A perennial issue for Limerick city is how to interact with the Shannon river in a way that protects the river, promotes healthy and safe activities and also protects the city from the risk of flooding that the Shannon presents. While on the face of it these may seem like competing challenges, they also present an extraordinary opportunity for the city. Rather than trying to work out how these interests compete, we should work towards seeing how they can complement each other. Limerick city could be a city with a riverside park running right through it, from Parteen, along the Longpavement, by the Sandy Bank in Corbally, by Clondrinagh and Mungret on the south of the river and by Westfields, Clonmacken and Coonagh on the west of the river. This would be an ambitious plan, but we are an ambitious city and we are able to realise such a project.

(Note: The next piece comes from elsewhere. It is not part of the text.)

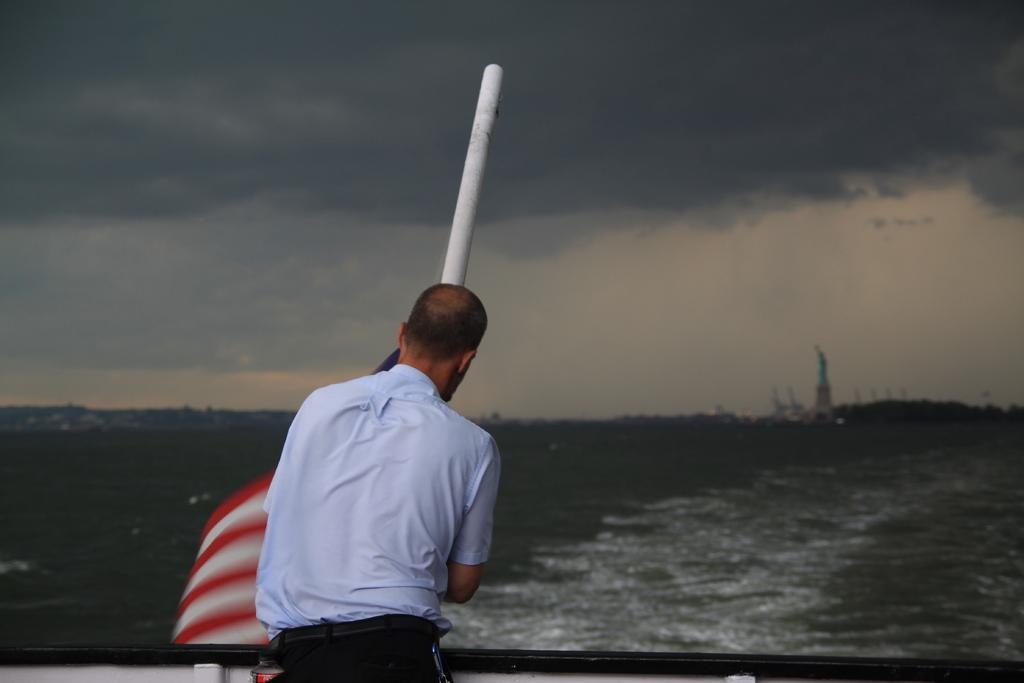Could you give a brief overview of what you see in this image? In this image I can see a man is standing. The man is wearing a shirt and a pant. In the background I can see water, a white color pole and the sky.

In some respects we can learn from approaches taken in other countries. In Australia, for example, the following is given as the various parkland functions that must be considered during all stages of parkland provision include:

  • Sport and recreation: providing for a range of formal (organised sport and structured activity) and informal (exercise, play and socialising) recreation activities;
  • Culture and heritage: preserving places with significant heritage or cultural connections;
  • Environmental conservation: protecting wildlife habitat and maintaining ecological linkages;
  • Landscape and buffer zones: enhancing the visual appeal of urban landscapes, providing green buffers and softening of the built environment;
  • Physical linkages: linking larger areas of open space, natural features and community facilities through walkable corridors and greenways;
  • Environmental quality: ameliorating the impact of urban heat island effect and improving air quality; and
  • Water quality: filtering stormwater and run-off and providing buffer zones for watercourses and wetlands.

Each of the above can be achieved in Limerick, and we can have a city that grows to be the modern city we want Limerick to be. In it is clear that the bigger you want a city to be, the more important the places you don’t build on become. Limerick city is envisaged to grow to between 200,000 and 300,000 people in the coming years. Such growth would radically transform the city but if we are to achieve it, we need to think coherently about how we will structure such growth and what amenities we will provide. The bigger the population, the greater the risk for urban sprawl, for encroachment on green spaces, for exhausting the already existing services. As well as planning where to build, the city needs to decide where it won’t build, and how it will build in a sustainable fashion. These concerns must be addressed if we are to avoid the mistakes that were made in previous developments of Limerick city.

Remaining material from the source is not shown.